▸ **What to work on**:
Your copy should hold only the lines from the one with "package com.github.wenhao.jpa.model;" to the one with "Convert chart to", both included, each exactly as it stands below, with no pictures.

▸ **Dataset excerpts**:
────────────────────────────────────────

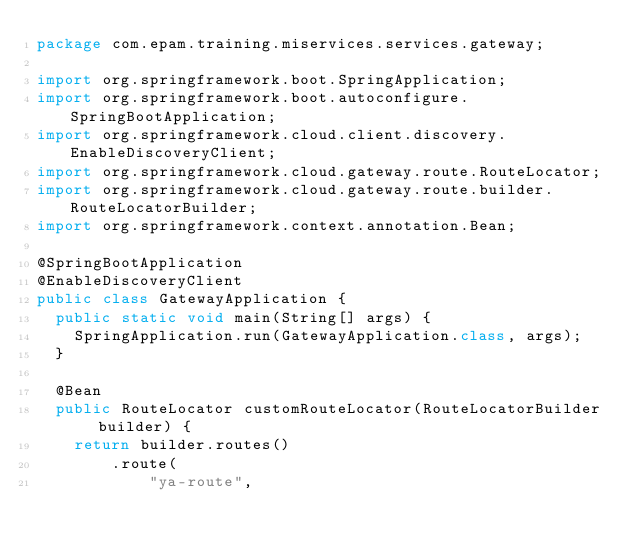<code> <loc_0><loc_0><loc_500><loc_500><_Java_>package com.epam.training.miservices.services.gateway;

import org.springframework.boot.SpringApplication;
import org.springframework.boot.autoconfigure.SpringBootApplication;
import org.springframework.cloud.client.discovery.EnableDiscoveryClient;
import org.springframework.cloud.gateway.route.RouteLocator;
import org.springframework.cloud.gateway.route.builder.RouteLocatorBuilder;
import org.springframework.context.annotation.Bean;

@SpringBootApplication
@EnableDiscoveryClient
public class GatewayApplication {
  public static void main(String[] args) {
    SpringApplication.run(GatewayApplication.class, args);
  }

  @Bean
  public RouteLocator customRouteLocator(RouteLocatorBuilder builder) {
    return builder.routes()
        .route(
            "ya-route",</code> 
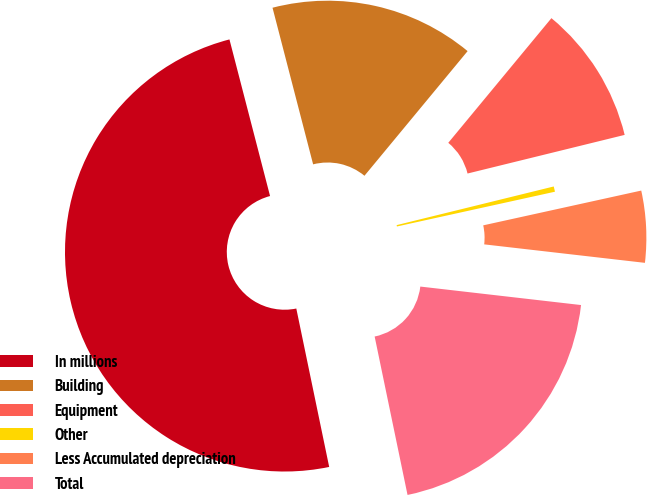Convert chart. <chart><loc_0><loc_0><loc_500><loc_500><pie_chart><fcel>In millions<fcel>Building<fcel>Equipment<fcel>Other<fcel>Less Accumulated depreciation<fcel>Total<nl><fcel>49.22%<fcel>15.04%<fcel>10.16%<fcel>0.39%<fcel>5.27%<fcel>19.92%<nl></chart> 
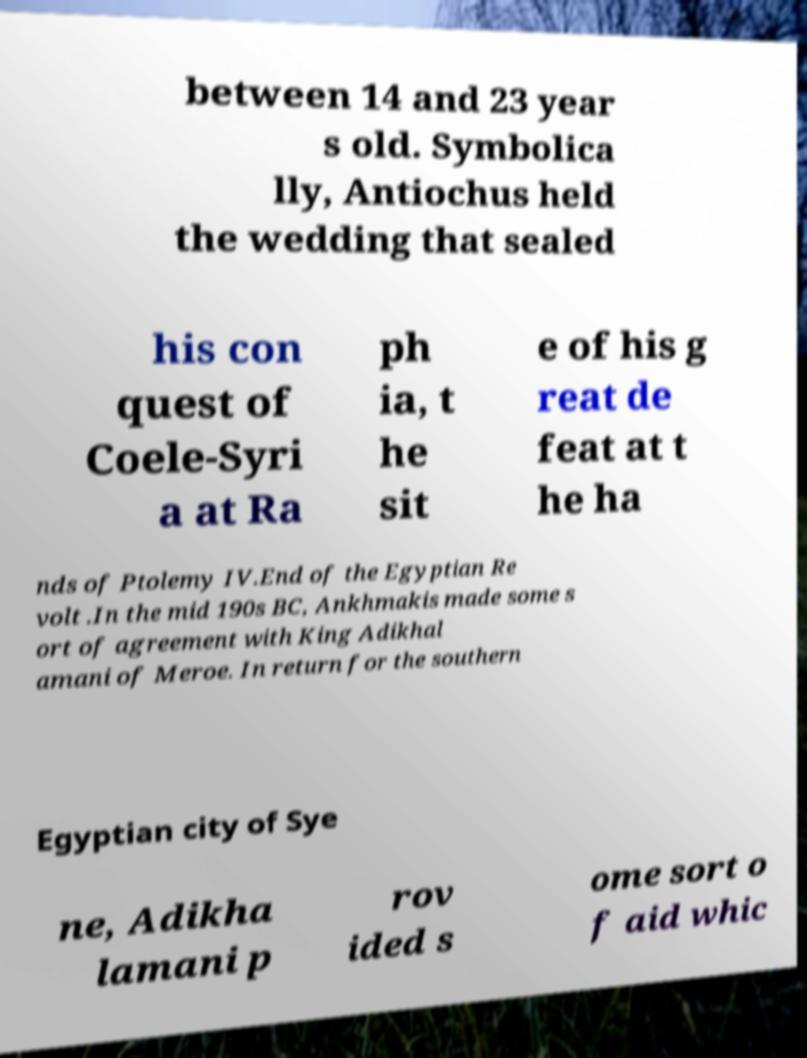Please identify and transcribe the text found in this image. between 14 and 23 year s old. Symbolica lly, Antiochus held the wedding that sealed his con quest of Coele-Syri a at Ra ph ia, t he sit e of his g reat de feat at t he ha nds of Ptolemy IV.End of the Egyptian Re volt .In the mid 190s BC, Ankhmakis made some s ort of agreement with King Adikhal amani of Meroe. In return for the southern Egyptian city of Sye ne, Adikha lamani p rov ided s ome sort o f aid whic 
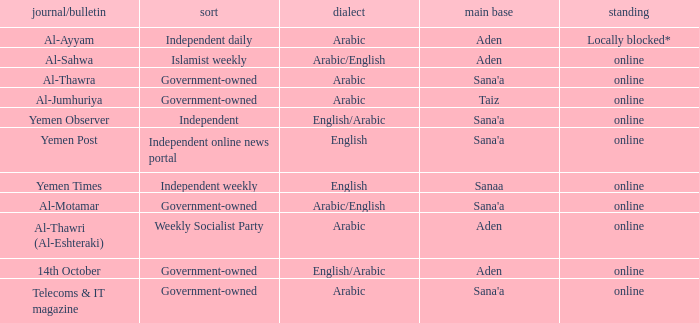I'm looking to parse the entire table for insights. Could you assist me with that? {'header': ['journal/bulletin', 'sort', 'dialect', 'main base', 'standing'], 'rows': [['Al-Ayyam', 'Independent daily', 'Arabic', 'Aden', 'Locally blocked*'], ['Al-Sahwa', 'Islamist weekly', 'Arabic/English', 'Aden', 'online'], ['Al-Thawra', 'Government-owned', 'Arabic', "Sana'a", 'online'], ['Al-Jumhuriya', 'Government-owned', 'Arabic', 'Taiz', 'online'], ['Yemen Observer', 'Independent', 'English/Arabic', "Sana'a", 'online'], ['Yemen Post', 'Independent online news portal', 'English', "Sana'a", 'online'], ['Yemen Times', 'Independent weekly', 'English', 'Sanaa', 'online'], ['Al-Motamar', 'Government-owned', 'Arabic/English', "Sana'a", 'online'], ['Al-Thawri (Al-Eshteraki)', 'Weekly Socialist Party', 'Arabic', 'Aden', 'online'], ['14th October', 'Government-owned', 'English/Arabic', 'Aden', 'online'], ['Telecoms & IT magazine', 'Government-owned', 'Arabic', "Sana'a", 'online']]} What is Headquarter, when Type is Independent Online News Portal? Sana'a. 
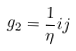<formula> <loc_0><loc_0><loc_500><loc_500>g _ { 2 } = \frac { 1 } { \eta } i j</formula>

────────────────────────────────────────

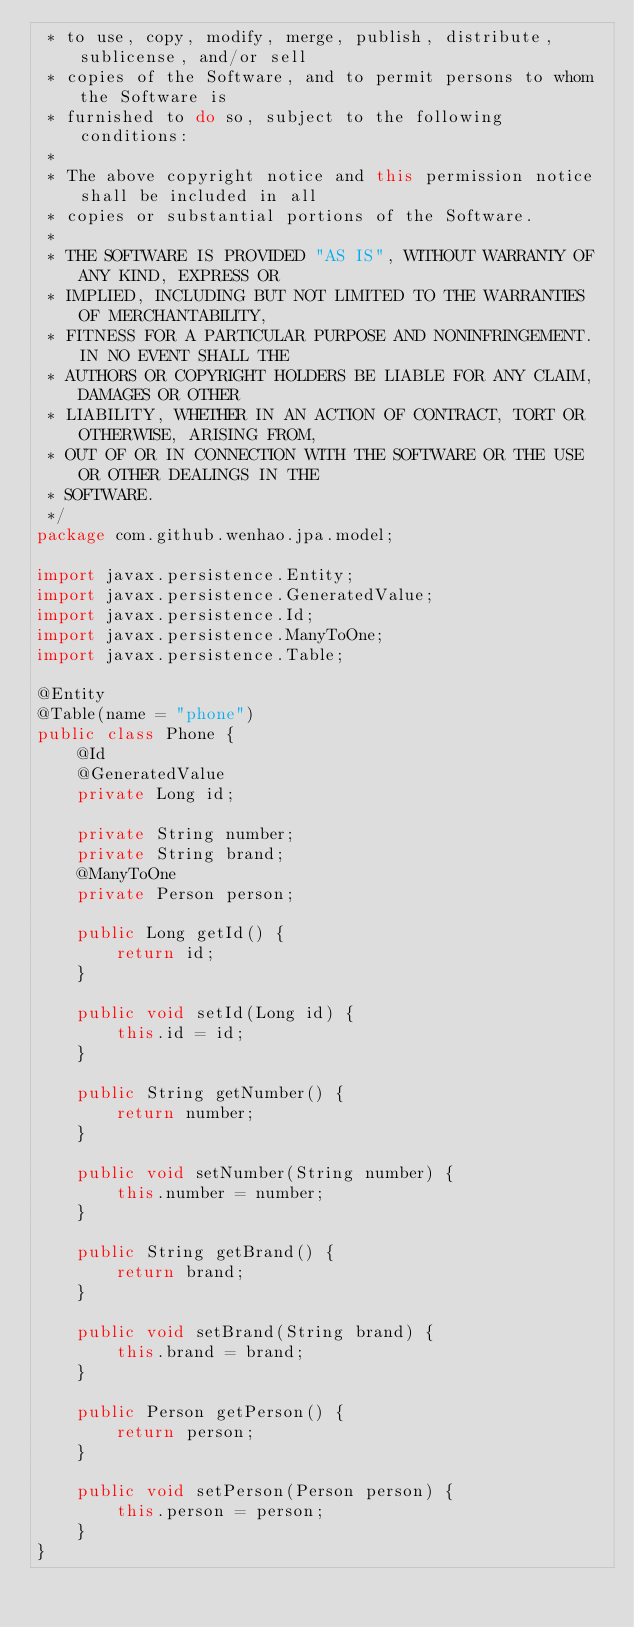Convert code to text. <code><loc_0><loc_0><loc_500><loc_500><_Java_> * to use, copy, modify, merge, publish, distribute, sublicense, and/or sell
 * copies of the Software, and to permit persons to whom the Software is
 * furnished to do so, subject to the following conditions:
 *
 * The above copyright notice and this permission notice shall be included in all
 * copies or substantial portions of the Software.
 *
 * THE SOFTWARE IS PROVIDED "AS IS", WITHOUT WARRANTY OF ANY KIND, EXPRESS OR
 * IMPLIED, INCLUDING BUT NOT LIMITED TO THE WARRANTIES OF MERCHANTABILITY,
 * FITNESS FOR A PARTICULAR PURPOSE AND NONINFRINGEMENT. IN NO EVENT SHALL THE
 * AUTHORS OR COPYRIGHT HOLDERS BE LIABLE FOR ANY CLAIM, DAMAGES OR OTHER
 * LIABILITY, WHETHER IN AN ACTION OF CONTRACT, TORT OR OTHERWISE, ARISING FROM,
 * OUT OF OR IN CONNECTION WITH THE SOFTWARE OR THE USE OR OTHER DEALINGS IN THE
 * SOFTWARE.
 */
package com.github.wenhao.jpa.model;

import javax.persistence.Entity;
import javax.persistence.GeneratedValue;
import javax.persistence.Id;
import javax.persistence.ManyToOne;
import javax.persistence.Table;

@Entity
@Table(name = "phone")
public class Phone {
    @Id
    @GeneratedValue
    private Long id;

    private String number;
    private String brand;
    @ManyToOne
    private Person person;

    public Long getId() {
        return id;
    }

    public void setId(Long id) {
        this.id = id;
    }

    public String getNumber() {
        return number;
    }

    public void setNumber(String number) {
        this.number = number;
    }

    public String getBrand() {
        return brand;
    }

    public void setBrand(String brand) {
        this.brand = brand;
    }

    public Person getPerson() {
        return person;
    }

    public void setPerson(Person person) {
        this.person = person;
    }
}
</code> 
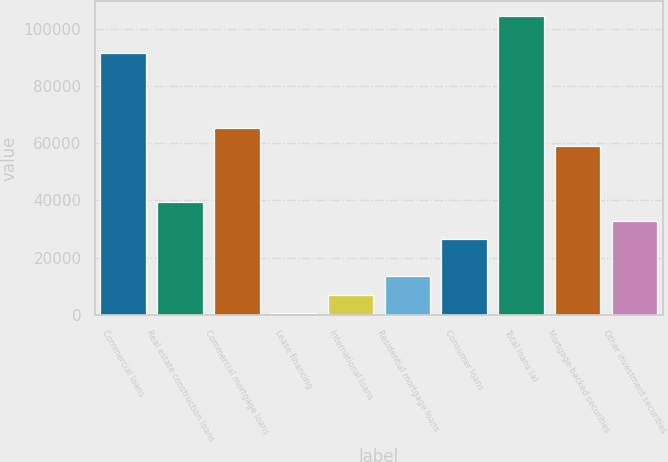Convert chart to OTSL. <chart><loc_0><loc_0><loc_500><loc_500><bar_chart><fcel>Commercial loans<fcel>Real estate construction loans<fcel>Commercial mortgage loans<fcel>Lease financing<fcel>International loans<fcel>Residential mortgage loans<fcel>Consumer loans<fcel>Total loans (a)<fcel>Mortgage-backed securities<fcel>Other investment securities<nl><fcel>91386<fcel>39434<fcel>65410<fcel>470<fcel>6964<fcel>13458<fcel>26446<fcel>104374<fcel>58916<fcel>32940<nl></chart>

────────────────────────────────────────

▸ **Answer area**:
package com.github.wenhao.jpa.model;

import javax.persistence.Entity;
import javax.persistence.GeneratedValue;
import javax.persistence.Id;
import javax.persistence.ManyToOne;
import javax.persistence.Table;

@Entity
@Table(name = "phone")
public class Phone {
    @Id
    @GeneratedValue
    private Long id;

    private String number;
    private String brand;
    @ManyToOne
    private Person person;

    public Long getId() {
        return id;
    }

    public void setId(Long id) {
        this.id = id;
    }

    public String getNumber() {
        return number;
    }

    public void setNumber(String number) {
        this.number = number;
    }

    public String getBrand() {
        return brand;
    }

    public void setBrand(String brand) {
        this.brand = brand;
    }

    public Person getPerson() {
        return person;
    }

    public void setPerson(Person person) {
        this.person = person;
    }
}
</code> 
Convert chart to OTSL. <chart><loc_0><loc_0><loc_500><loc_500><bar_chart><fcel>Commercial loans<fcel>Real estate construction loans<fcel>Commercial mortgage loans<fcel>Lease financing<fcel>International loans<fcel>Residential mortgage loans<fcel>Consumer loans<fcel>Total loans (a)<fcel>Mortgage-backed securities<fcel>Other investment securities<nl><fcel>91386<fcel>39434<fcel>65410<fcel>470<fcel>6964<fcel>13458<fcel>26446<fcel>104374<fcel>58916<fcel>32940<nl></chart>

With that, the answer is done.